(Stored items)

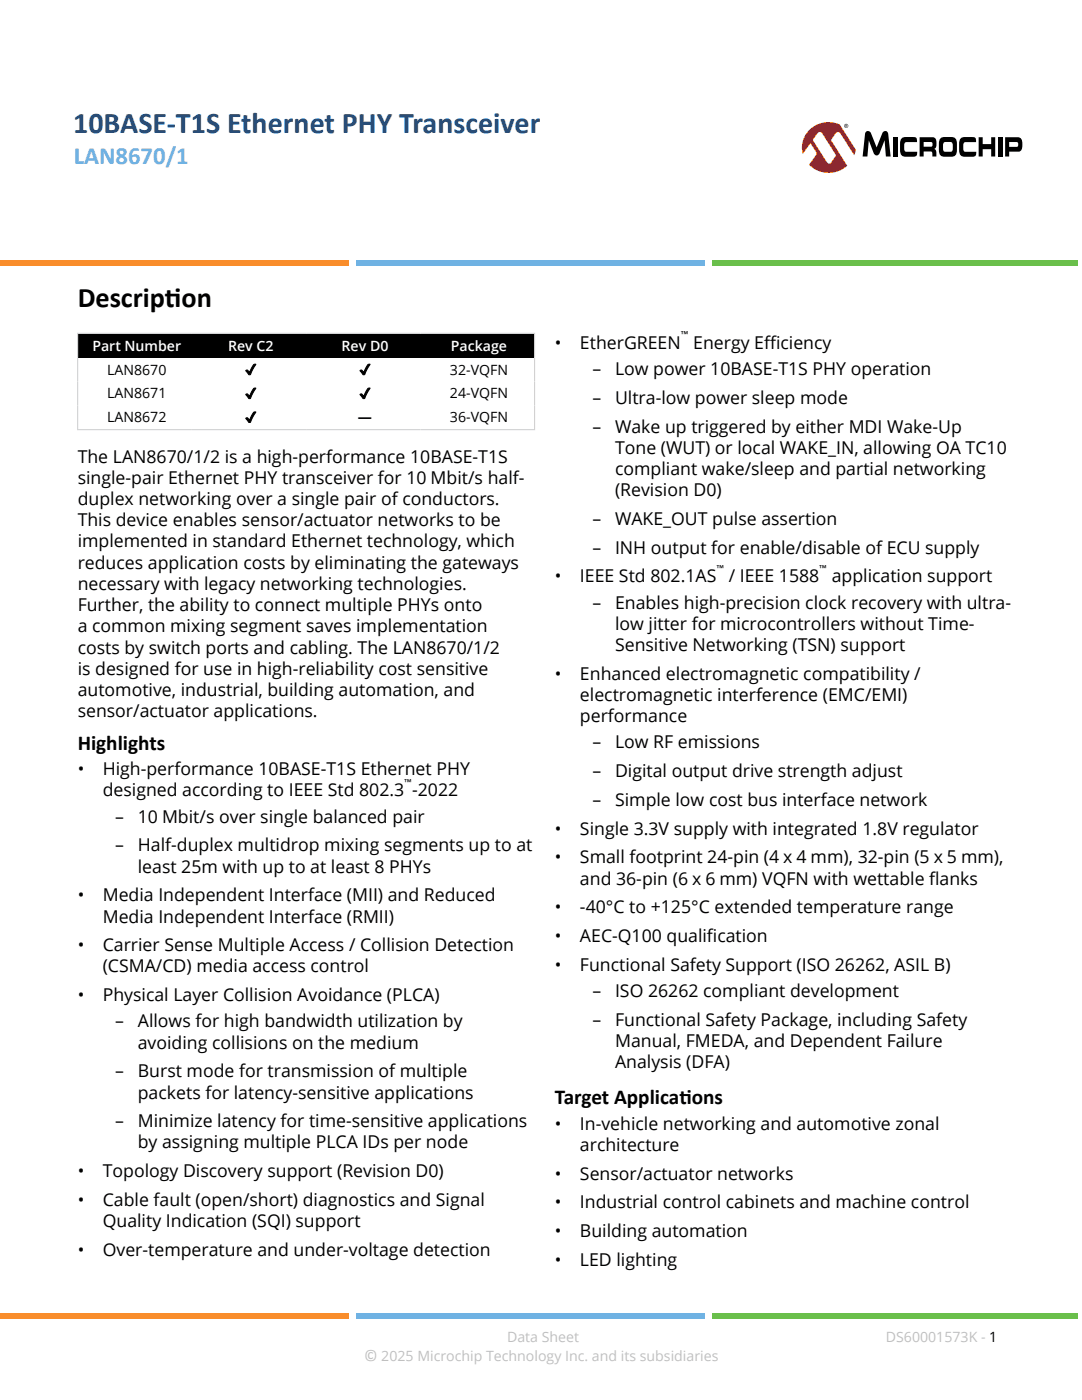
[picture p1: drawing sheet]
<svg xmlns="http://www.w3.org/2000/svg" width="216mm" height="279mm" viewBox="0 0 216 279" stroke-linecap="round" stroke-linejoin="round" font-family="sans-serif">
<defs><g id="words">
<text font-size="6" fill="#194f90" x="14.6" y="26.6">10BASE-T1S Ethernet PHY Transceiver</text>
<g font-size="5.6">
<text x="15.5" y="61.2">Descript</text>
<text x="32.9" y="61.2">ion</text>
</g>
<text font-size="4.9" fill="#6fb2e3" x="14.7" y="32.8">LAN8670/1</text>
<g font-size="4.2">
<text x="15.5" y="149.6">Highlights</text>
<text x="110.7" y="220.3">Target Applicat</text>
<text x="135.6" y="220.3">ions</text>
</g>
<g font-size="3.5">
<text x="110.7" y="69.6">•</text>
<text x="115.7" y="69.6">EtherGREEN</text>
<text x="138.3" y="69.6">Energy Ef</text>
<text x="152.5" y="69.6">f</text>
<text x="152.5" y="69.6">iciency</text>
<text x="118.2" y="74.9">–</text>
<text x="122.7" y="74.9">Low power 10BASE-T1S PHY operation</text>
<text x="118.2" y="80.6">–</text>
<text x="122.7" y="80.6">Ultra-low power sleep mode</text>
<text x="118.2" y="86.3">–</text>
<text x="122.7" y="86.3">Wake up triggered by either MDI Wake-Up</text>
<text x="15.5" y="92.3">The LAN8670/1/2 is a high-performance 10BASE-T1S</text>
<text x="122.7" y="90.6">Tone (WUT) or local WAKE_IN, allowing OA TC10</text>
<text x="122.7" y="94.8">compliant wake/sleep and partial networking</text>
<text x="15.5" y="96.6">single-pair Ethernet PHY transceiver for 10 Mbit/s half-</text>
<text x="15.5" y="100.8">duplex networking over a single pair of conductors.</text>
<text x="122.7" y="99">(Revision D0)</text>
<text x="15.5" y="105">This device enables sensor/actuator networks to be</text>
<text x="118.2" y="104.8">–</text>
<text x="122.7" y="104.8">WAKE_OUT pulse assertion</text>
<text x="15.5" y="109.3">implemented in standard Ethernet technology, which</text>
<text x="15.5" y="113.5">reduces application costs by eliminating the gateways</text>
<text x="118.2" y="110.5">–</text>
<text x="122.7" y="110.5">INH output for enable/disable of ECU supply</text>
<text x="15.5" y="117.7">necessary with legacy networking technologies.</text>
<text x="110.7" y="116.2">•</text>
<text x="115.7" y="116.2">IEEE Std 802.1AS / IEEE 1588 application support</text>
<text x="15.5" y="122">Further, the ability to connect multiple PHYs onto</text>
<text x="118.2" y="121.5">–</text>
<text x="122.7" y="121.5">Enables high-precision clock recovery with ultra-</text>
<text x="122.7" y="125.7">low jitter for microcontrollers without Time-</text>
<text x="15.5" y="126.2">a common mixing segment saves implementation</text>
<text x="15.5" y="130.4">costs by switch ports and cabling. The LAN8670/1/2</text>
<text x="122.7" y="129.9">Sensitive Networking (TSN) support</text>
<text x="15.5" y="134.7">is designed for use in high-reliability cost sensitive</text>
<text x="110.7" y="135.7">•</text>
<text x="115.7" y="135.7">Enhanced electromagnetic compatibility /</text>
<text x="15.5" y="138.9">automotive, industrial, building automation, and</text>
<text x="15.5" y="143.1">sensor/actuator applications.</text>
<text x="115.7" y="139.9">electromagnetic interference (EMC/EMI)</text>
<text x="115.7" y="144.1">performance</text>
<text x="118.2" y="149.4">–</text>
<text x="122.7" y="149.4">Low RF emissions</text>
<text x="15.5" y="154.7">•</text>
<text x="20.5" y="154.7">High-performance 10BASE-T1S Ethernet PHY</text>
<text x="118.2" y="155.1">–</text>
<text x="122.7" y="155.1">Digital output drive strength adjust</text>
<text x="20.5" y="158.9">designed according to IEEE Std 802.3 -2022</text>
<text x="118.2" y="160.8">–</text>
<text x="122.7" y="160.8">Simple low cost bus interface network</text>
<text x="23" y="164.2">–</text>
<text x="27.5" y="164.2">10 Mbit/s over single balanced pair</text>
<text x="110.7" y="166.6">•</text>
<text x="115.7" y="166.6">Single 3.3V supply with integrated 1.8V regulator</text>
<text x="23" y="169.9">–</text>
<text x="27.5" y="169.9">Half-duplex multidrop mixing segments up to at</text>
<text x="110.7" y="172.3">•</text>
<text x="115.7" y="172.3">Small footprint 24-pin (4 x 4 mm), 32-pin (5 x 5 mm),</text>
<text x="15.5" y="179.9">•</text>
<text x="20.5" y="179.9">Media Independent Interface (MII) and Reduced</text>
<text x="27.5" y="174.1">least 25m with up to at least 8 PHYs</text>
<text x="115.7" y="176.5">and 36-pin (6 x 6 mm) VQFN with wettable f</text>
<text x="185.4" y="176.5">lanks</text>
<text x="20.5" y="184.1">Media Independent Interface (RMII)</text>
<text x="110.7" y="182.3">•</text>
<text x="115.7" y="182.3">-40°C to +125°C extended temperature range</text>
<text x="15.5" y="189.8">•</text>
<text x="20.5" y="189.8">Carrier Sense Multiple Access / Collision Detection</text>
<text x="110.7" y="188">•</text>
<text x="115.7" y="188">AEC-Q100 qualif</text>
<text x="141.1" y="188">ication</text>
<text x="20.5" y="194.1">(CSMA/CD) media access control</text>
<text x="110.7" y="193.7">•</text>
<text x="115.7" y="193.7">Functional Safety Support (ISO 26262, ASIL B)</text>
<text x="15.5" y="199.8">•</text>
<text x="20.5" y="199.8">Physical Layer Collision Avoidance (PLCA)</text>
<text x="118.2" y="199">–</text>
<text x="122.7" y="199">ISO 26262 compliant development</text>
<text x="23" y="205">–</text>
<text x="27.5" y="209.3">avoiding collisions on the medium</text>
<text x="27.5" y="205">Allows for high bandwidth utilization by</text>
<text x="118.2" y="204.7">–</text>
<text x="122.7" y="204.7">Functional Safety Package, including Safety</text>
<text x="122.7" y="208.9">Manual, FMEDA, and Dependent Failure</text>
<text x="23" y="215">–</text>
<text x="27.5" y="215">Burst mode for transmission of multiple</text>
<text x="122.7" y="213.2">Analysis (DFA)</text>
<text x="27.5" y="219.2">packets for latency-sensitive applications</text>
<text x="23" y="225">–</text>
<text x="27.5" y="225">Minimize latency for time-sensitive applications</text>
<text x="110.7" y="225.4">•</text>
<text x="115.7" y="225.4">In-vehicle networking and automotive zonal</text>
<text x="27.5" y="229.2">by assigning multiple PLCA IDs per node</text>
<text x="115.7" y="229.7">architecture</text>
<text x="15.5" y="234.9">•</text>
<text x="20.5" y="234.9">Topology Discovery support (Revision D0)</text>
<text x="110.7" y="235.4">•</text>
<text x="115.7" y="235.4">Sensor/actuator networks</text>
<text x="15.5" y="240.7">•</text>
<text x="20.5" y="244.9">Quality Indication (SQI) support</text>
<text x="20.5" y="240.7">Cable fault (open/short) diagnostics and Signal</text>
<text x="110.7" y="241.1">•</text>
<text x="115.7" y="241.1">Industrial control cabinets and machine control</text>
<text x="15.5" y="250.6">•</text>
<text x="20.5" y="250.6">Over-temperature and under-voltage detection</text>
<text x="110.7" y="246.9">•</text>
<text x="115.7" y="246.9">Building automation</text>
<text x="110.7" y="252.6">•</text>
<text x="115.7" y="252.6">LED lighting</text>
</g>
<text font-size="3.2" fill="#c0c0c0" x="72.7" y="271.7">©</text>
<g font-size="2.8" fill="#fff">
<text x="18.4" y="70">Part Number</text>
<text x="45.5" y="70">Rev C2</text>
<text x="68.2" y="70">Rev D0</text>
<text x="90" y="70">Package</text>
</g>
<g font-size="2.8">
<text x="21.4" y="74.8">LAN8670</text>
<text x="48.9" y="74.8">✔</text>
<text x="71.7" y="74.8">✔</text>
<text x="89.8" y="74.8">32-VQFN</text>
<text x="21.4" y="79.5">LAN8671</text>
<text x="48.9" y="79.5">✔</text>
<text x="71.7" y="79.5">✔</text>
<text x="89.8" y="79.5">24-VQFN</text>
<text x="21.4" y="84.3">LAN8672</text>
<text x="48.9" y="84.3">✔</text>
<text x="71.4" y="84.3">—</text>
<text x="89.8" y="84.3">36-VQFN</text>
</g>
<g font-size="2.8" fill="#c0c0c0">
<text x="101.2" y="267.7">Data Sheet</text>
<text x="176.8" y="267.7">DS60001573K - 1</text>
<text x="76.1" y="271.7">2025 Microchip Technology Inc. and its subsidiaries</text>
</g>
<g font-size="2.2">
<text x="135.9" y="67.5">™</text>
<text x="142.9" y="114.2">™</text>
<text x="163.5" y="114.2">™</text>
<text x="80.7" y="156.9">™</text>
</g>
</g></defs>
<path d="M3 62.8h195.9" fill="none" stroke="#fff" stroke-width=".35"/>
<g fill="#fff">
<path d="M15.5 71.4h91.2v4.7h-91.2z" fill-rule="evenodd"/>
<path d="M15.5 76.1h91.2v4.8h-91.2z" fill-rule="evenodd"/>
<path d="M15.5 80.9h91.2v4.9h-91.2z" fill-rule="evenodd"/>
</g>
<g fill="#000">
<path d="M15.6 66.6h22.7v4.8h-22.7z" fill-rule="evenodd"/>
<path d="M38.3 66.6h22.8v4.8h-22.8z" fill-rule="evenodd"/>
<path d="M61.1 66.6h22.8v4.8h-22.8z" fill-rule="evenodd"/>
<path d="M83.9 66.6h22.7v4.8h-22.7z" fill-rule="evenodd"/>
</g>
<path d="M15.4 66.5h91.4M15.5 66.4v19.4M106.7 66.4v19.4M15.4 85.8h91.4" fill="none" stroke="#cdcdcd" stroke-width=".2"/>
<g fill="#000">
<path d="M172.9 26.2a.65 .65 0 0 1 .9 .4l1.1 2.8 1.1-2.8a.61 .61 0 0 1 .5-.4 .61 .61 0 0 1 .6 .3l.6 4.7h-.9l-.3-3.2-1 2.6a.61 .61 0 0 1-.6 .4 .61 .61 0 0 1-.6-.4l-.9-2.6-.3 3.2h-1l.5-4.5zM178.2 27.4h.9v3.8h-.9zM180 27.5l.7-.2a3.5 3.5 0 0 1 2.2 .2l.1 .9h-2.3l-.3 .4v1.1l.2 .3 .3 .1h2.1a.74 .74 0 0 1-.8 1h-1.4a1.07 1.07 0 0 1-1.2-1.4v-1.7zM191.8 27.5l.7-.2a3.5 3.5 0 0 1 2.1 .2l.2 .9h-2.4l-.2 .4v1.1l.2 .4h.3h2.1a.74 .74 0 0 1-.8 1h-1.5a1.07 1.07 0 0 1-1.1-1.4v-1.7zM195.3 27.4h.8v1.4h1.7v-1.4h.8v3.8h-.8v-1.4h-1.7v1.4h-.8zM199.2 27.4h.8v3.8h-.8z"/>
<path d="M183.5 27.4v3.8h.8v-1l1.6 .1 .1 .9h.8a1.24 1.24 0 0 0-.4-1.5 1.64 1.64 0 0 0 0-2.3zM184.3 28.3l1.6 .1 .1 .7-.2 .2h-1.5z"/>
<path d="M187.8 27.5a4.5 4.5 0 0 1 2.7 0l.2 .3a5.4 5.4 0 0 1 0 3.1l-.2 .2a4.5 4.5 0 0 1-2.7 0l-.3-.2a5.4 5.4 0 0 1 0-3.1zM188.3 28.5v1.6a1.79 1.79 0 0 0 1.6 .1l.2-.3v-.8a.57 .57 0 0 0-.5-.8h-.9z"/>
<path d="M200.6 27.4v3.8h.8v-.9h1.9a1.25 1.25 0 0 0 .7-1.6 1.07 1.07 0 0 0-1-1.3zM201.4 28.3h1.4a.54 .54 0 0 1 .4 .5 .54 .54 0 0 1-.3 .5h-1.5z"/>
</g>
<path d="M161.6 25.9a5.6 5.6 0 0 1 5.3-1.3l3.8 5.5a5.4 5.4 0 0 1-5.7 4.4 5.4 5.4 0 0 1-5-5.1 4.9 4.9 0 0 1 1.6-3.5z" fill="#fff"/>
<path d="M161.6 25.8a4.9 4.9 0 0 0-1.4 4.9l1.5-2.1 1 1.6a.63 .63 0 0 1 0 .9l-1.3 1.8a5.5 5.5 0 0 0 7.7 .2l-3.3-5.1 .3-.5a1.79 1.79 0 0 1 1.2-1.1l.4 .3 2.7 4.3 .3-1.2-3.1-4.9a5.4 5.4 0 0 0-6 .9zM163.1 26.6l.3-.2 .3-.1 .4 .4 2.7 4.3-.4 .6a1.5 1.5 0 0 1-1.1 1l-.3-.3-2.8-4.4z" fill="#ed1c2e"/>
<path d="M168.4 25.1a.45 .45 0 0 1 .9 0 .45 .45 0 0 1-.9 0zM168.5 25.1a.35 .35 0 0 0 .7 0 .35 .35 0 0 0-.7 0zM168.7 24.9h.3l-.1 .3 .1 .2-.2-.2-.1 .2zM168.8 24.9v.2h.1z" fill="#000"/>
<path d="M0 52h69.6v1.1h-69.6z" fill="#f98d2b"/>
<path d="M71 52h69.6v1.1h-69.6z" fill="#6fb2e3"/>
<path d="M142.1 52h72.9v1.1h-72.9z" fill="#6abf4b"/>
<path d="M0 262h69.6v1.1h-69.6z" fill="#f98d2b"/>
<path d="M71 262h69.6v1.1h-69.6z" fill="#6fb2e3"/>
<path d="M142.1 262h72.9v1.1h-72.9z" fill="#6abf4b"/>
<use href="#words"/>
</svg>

#### [Requirement]
Search the data for "font". Copy every matching line.

#### [Answer area]
<svg xmlns="http://www.w3.org/2000/svg" width="216mm" height="279mm" viewBox="0 0 216 279" stroke-linecap="round" stroke-linejoin="round" font-family="sans-serif">
<text font-size="6" fill="#194f90" x="14.6" y="26.6">10BASE-T1S Ethernet PHY Transceiver</text>
<g font-size="5.6">
<text font-size="4.9" fill="#6fb2e3" x="14.7" y="32.8">LAN8670/1</text>
<g font-size="4.2">
<g font-size="3.5">
<text font-size="3.2" fill="#c0c0c0" x="72.7" y="271.7">©</text>
<g font-size="2.8" fill="#fff">
<g font-size="2.8">
<g font-size="2.8" fill="#c0c0c0">
<g font-size="2.2">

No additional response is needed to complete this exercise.